The IMF’s Fact Sheet states that “Cap-and-trade systems are another option, but generally they should be designed to look like taxes through revenue-raising and price stability provisions."[19] Such designs are often referred to as hybrid designs. The stability provisions referred to are typically floor and ceiling prices[20] (a ceiling price is also known as a safety valve), which are implemented as follows. When permits are auctioned, there is a floor (reserve) price below which permits are not sold, and permits for immediate use are always made available at the ceiling price, even if sales have already reached the permit cap. To the extent the price is controlled by these limits, it is a tax. So if the floor is set equal to the ceiling, cap-and-trade becomes a pure carbon tax.
Until the late 1970s, government regulated price floors on airfares in the US made flying "absurdly expensive" to the point that in 1965, more than 80% of Americans had never flown on a jet.[21] For example, in 1974, US air carriers had to charge at least $1,442 (in inflation-adjusted dollars) for a New York City to Los Angeles trip, a flight that cost as little as $278 in 2013.[21] In 1978, the US government deregulated airfares, on the grounds that flying is not a necessity (like food or prescription drugs), and nor was it addictive (like alcohol).
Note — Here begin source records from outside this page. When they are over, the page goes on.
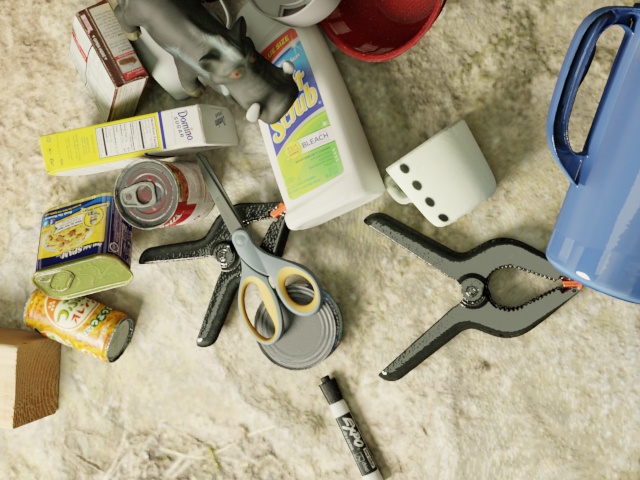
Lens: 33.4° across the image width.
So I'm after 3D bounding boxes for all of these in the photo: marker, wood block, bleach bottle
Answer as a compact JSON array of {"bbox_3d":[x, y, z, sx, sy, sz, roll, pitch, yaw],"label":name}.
[{"bbox_3d":[0.030,0.191,1.069,0.020,0.020,0.121,-27,86,17],"label":"marker"},{"bbox_3d":[-0.396,0.139,1.157,0.206,0.090,0.090,6,95,17],"label":"wood block"},{"bbox_3d":[-0.027,-0.144,1.041,0.103,0.068,0.251,-25,83,25],"label":"bleach bottle"}]

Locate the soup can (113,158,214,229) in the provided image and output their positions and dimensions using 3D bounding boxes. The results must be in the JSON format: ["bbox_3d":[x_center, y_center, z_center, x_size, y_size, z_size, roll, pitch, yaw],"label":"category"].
[{"bbox_3d":[-0.152,-0.048,1.063,0.069,0.102,0.068,1,94,16],"label":"soup can"}]

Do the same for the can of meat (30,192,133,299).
[{"bbox_3d":[-0.243,0.005,1.101,0.102,0.057,0.084,-14,55,17],"label":"can of meat"}]

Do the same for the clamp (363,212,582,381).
[{"bbox_3d":[0.142,0.057,1.016,0.210,0.036,0.164,2,94,16],"label":"clamp"}]

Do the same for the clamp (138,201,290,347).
[{"bbox_3d":[-0.103,0.012,1.087,0.120,0.039,0.171,44,98,5],"label":"clamp"}]

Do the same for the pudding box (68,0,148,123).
[{"bbox_3d":[-0.214,-0.176,1.071,0.039,0.114,0.090,-28,86,-19],"label":"pudding box"}]

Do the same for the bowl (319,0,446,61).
[{"bbox_3d":[0.066,-0.248,0.991,0.162,0.055,0.162,8,102,41],"label":"bowl"}]

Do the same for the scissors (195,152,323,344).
[{"bbox_3d":[-0.057,0.001,1.047,0.096,0.016,0.202,-13,90,15],"label":"scissors"}]

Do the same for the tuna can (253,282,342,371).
[{"bbox_3d":[-0.021,0.086,1.069,0.086,0.033,0.086,1,94,17],"label":"tuna can"}]

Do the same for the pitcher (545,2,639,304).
[{"bbox_3d":[0.278,-0.076,0.918,0.149,0.144,0.243,29,106,34],"label":"pitcher"}]

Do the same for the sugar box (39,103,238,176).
[{"bbox_3d":[-0.181,-0.101,1.074,0.176,0.093,0.048,-12,91,16],"label":"sugar box"}]
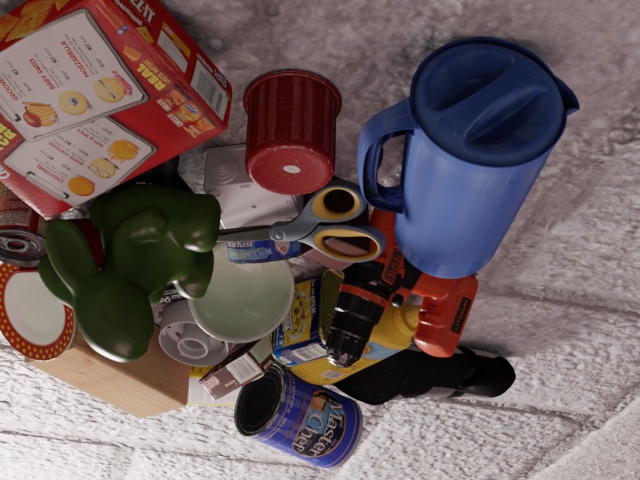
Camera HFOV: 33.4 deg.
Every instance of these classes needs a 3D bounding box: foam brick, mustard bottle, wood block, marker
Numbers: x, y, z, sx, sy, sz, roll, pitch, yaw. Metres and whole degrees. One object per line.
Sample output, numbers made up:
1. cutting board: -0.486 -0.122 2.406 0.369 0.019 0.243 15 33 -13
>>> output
1. foam brick: 0.015 -0.017 1.105 0.052 0.078 0.051 24 140 -32
2. mustard bottle: 0.056 0.125 1.343 0.192 0.058 0.096 -29 147 35
3. wood block: -0.266 0.146 1.365 0.090 0.091 0.205 -19 143 29
4. marker: -0.197 0.069 1.305 0.121 0.020 0.020 -10 146 18

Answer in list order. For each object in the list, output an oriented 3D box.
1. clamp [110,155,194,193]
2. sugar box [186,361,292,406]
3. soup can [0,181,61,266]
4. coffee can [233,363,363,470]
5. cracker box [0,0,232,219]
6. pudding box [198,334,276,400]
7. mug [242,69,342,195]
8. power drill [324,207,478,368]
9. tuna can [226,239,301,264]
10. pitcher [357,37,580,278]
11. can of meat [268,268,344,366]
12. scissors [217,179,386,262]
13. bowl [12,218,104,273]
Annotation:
1. clamp: -0.178 -0.072 1.047 0.120 0.039 0.171 2 135 21
2. sugar box: -0.101 0.194 1.481 0.176 0.048 0.093 2 146 -8
3. soup can: -0.292 -0.034 1.064 0.068 0.102 0.068 1 148 0
4. coffee can: -0.028 0.233 1.407 0.140 0.103 0.103 29 139 -32
5. cracker box: -0.207 -0.126 0.910 0.214 0.072 0.164 -23 130 26
6. pudding box: -0.092 0.152 1.369 0.114 0.089 0.039 -31 99 42
7. mug: -0.025 -0.089 0.986 0.093 0.081 0.117 -3 148 7
8. power drill: 0.090 0.068 1.164 0.057 0.184 0.187 16 171 41
9. tuna can: -0.057 0.001 1.134 0.086 0.034 0.086 -7 -172 1
10. pitcher: 0.124 -0.062 0.985 0.149 0.145 0.243 30 154 12
11. can of meat: -0.012 0.093 1.262 0.084 0.102 0.057 -19 143 33
12. scissors: -0.033 -0.025 1.050 0.202 0.016 0.096 10 124 17
13. bowl: -0.245 0.006 1.137 0.162 0.055 0.162 -2 179 0
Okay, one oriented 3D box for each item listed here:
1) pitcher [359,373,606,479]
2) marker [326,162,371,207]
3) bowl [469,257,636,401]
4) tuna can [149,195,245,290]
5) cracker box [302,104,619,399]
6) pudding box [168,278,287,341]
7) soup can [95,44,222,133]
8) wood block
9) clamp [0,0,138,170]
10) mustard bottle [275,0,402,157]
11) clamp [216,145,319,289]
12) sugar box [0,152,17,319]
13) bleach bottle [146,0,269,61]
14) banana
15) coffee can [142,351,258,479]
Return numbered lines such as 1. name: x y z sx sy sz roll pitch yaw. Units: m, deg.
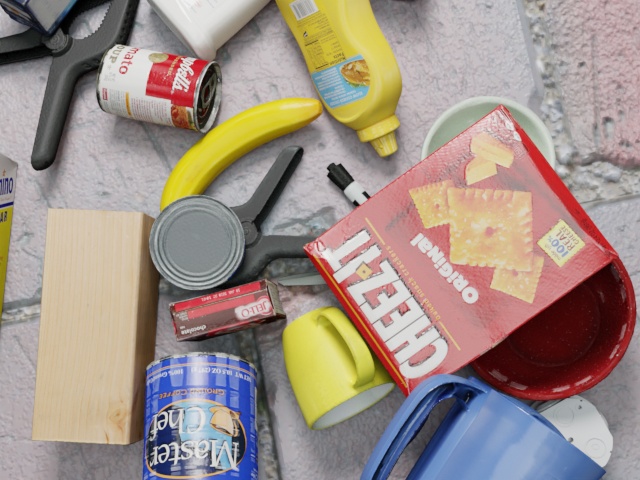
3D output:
1. pitcher: 0.103 0.236 0.870 0.149 0.145 0.243 35 86 26
2. marker: 0.049 -0.028 1.016 0.020 0.020 0.121 -42 83 -2
3. bowl: 0.204 0.066 0.966 0.162 0.055 0.162 -5 75 20
4. tuna can: -0.111 0.003 0.971 0.086 0.034 0.086 0 87 0
5. cracker box: 0.118 0.011 0.917 0.214 0.072 0.164 -36 82 5
6. pudding box: -0.081 0.064 0.966 0.090 0.113 0.039 -14 86 2
7. soup can: -0.152 -0.144 1.011 0.102 0.068 0.068 12 85 12
8. wood block: -0.203 0.079 0.985 0.091 0.090 0.206 2 85 4
9. clamp: -0.250 -0.178 1.038 0.210 0.036 0.165 -38 75 -4
10. mustard bottle: 0.026 -0.167 0.991 0.058 0.096 0.191 -31 102 -36
11. clamp: -0.057 0.001 1.006 0.171 0.039 0.120 -38 65 3
12. sugar box: -0.324 0.002 0.998 0.048 0.093 0.176 6 85 3
13. bleach bottle: -0.049 -0.287 1.029 0.251 0.068 0.102 -40 84 -4
14. banana: -0.087 -0.078 1.018 0.198 0.037 0.070 -44 74 -1
15. coffee can: -0.105 0.181 0.940 0.103 0.103 0.140 -4 63 3
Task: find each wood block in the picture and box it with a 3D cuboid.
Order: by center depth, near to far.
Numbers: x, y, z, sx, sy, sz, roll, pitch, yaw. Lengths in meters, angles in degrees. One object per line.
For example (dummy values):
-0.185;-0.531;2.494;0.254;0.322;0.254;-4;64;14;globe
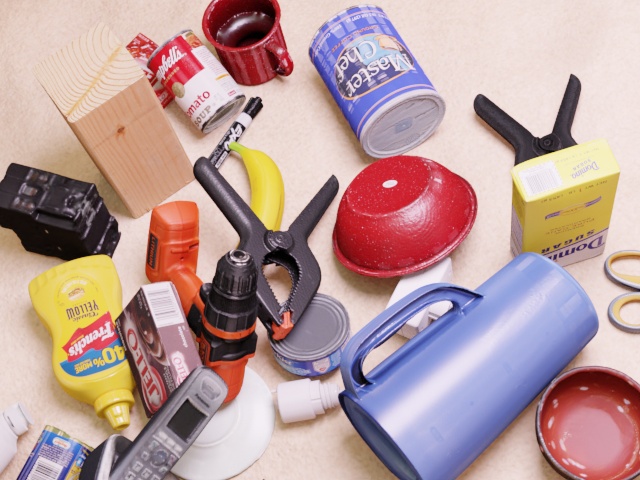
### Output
-0.215;-0.123;1.150;0.090;0.206;0.090;-35;64;-9;wood block

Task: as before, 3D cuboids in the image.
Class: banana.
-0.074;-0.023;1.173;0.070;0.037;0.198;-8;61;23;banana

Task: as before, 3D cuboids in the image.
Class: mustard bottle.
-0.237;0.112;1.122;0.096;0.058;0.192;-19;62;-12;mustard bottle

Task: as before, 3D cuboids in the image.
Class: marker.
-0.103;-0.118;1.233;0.020;0.020;0.121;26;71;21;marker

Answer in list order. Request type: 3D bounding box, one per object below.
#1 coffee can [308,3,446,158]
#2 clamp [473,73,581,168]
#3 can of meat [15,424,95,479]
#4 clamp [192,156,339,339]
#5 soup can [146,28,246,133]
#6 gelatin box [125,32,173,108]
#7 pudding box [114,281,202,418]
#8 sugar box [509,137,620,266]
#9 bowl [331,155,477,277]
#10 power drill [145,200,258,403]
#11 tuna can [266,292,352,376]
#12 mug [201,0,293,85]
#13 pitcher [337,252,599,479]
0.061;-0.177;1.184;0.103;0.103;0.140;-27;63;-3;coffee can
0.232;-0.101;1.152;0.120;0.039;0.171;-7;63;8;clamp
-0.254;0.237;1.041;0.057;0.102;0.084;18;67;18;can of meat
-0.057;0.001;1.104;0.164;0.036;0.210;12;54;-16;clamp
-0.142;-0.182;1.226;0.068;0.068;0.102;-39;87;-10;soup can
-0.209;-0.200;1.285;0.089;0.030;0.073;36;75;24;gelatin box
-0.160;0.109;1.059;0.039;0.090;0.113;-8;67;-34;pudding box
0.234;-0.026;1.038;0.093;0.176;0.048;-17;61;2;sugar box
0.079;-0.038;1.108;0.162;0.055;0.162;-15;41;13;bowl
-0.119;0.043;1.068;0.057;0.185;0.188;-7;41;-26;power drill
-0.010;0.096;1.091;0.086;0.034;0.086;-5;48;6;tuna can
-0.075;-0.230;1.247;0.117;0.081;0.093;35;75;23;mug
0.139;0.115;1.008;0.242;0.149;0.145;-40;64;-13;pitcher
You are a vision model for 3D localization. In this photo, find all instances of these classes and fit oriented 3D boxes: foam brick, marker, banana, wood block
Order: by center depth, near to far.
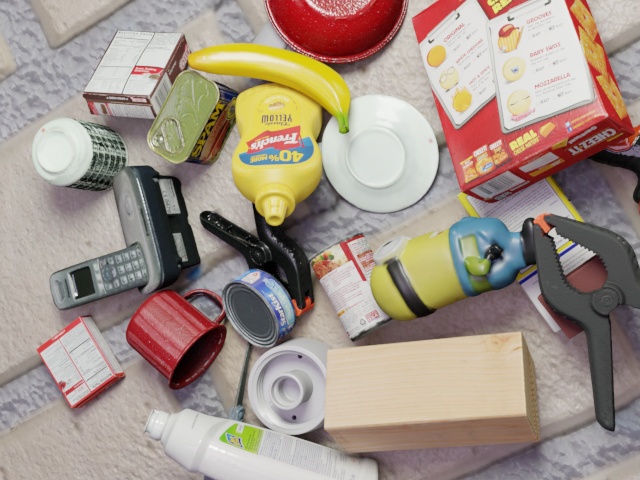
[{"bbox_3d":[0.262,0.053,1.052,0.078,0.051,0.053,-37,83,15],"label":"foam brick"},{"bbox_3d":[0.116,0.161,1.111,0.206,0.090,0.091,-7,60,17],"label":"wood block"},{"bbox_3d":[-0.044,-0.179,1.151,0.198,0.069,0.037,23,136,14],"label":"banana"},{"bbox_3d":[0.046,-0.105,1.184,0.121,0.020,0.020,-5,89,18],"label":"marker"}]

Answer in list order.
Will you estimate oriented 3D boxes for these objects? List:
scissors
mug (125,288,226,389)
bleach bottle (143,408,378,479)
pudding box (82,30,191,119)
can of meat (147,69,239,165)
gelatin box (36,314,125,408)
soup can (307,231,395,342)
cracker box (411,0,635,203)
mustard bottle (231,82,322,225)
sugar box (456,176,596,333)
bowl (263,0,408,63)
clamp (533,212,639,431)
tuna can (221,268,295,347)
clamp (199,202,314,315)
[{"bbox_3d":[-0.091,0.214,1.223,0.016,0.096,0.201,4,61,24],"label":"scissors"},{"bbox_3d":[-0.160,0.101,1.223,0.081,0.093,0.117,38,70,19],"label":"mug"},{"bbox_3d":[-0.065,0.234,1.140,0.251,0.102,0.068,21,103,-2],"label":"bleach bottle"},{"bbox_3d":[-0.210,-0.192,1.229,0.090,0.039,0.113,6,51,19],"label":"pudding box"},{"bbox_3d":[-0.139,-0.136,1.210,0.057,0.083,0.102,31,99,15],"label":"can of meat"},{"bbox_3d":[-0.289,0.147,1.288,0.073,0.030,0.089,-36,80,13],"label":"gelatin box"},{"bbox_3d":[0.040,0.051,1.161,0.069,0.068,0.102,-30,82,16],"label":"soup can"},{"bbox_3d":[0.196,-0.166,1.059,0.164,0.072,0.214,-29,61,32],"label":"cracker box"},{"bbox_3d":[-0.046,-0.089,1.135,0.096,0.058,0.191,-1,46,2],"label":"mustard bottle"},{"bbox_3d":[0.231,-0.002,1.111,0.093,0.048,0.176,-36,83,15],"label":"sugar box"},{"bbox_3d":[0.019,-0.275,1.145,0.162,0.055,0.162,0,86,-4],"label":"bowl"},{"bbox_3d":[0.281,0.052,0.999,0.165,0.036,0.210,-34,84,16],"label":"clamp"},{"bbox_3d":[-0.068,0.075,1.191,0.086,0.033,0.086,28,136,31],"label":"tuna can"},{"bbox_3d":[-0.058,0.001,1.193,0.171,0.039,0.120,48,137,9],"label":"clamp"}]
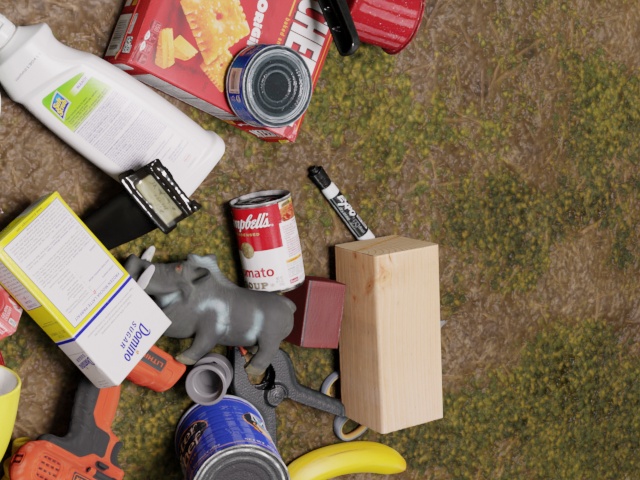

The government deregulated airfares so that increased competition would lead to a drop in airfare prices. By 2011, the inflation-adjusted cost of air travel dropped by half as compared with 1978. By 2000, half of Americans were taking at least one round-trip air flight per year.[21]
While the setting of price floors is often associated with government measures, there are also private sector-imposed price floors. Until November 2016, the National Football League (NFL) set a price floor on tickets that were sold on league websites, a practice which a 2016 court case found to be in violation of US antitrust laws.[22] The price floors were introduced when teams sought to prevent "...season-ticket holders from selling tickets at prices below face value."[22] In 2013, the New York Yankees and Los Angeles Angels of Anaheim declined to participate in Major League Baseball ticket sales through StubHub because this online ticket resale website did not allow teams to put a price floor in place.[23]